Und waren nicht auch spätestens die Relativitäts- und Quantentheorie viel zu (mathematisch; darauf wird zurückzukommen sein) abgehoben, als dass diese Theorien überhaupt noch im allgemeinen Bewusstsein ankommen konnten?

(vgl. auch )

Hier soll es aber nur um die erste, also kopernikanische Kränkung bzw. Wende bzw. Revolution gehen. Bemerkenswert dabei ist, dass schon allein der Titel von Kopernikus Hauptwerk, nämlich "De Revolutionibus Orbium Coelestium", im Nachhinein systematisch falsch verstanden wurde und zu einer ebenso neuen wie dauerhaften Füllung des Begriffs "Revolution" geführt hat: "De Revolutionibus Orbium Coelestium" bedeutete nämlich ursprünglich nur "Über die Kreisbewegungen der Weltkörper". Das neue Weltbild des Kopernikus war also weder als Revolution im heutigen Sinne gedacht, noch kam es vielleicht so an (s.u. die Gedanken Ernst Peter Fischers).

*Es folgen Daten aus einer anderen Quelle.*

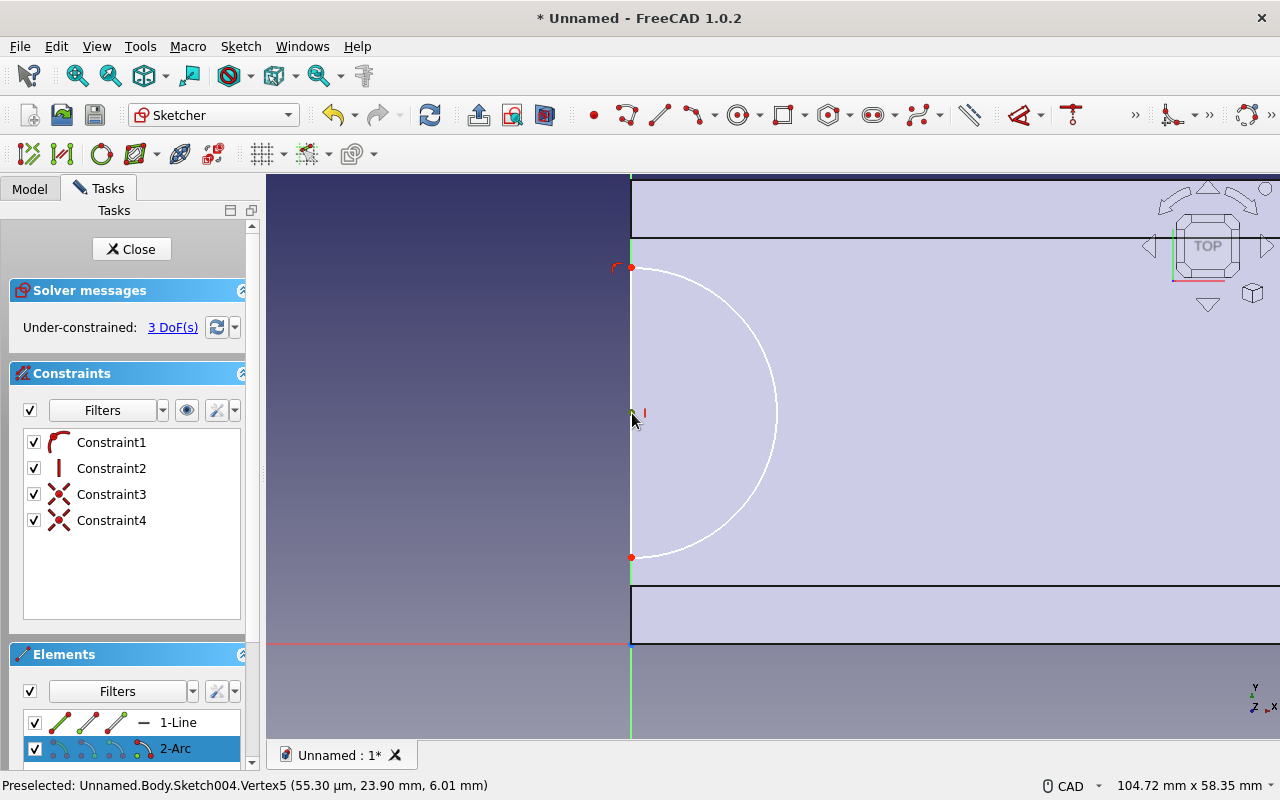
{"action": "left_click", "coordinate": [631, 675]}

Über die Wirkung des kopernikanischen Weltmodells kann man sich allemal streiten. Selbst bei Galilei scheint es ja nicht ganz sicher, ob er von der Kirche tatsächlich deshalb angeklagt wurde, weil er kopernikanische Ideen vertrat, oder ob das nicht vielmehr ein harmloser Vorwand war, um ihn vor einer viel schlimmeren, tatsächlich theologischen Anklage zu bewahren (vgl. Pietro Redondi: Galilei, der Ketzer).

Spätestens der große Apokalyptiker Nietzsche scheint aber die eigentliche Tat des Kopernikus in o.g. Kränkung gesehen zu haben:

"Seit Kopernikus scheint der Mensch auf eine schiefe Ebene geraten - er rollt immer schneller nunmehr aus dem Mittelpunkt weg - wohin? Ins Nichts? Ins »durchbohrende Gefühl seines Nichts«?"

Und vielleicht ist doch etwas von dieser Kränkung oder Verängstigung übrig geblieben. Vgl. 

Höchst interessant aber ist, dass Ernst Peter Fischer in seinem Buch das Problem und die Wirkung des kopernikanischen Weltbildes ganz woanders sieht (S. 55ff):

"[...] so schön die Kopernikanische Ordnung mit einer kreisenden Erde auch ist und so aufregend ihre Etablierung im historischen Rückblick wirkt - die Zeitgenossen des Kopernikus haben an dem heliozentrischen Schema weder besonderen Gefallen gefunden noch darauf ängstlich abwehrend reagiert. Es hat sie weder gestört noch beeindruckt, und gehalten haben sie sich erst recht nicht daran. Es hörte sich zwar ganz nett an, was der Domherr da vortrug, aber erstens war es nicht neu - bereits in der Zeit vor Christi Geburt hatte jemand namens Aristarch den Gedanken geäußert, dass sich die Erde bewegt, während die Sonne ruht [...]. Zweitens brachte das System des Kopernikus [vor den Korrekturen durch Kepler] keine größere Genauigkeit bei der täglichen Arbeit oder der Vorhersage von Planetenbahnen, und drittens war das, was er behauptete, mindestens in einer Hinsicht (offen)barer Unsinn. Es widersprach jeder Sinneserfahrung. Wir alle sehen am Morgen mit unseren eigenen Augen, wie die Sonne aufgeht, und wir alle sehen am Abend in gleicher Weise, wie sie untergeht. Wir erleben und genießen doch Sonnenauf- und Sonnenuntergänge - und warum sollen wir uns die von Kopernikus nehmen lassen? [vgl. auch   ]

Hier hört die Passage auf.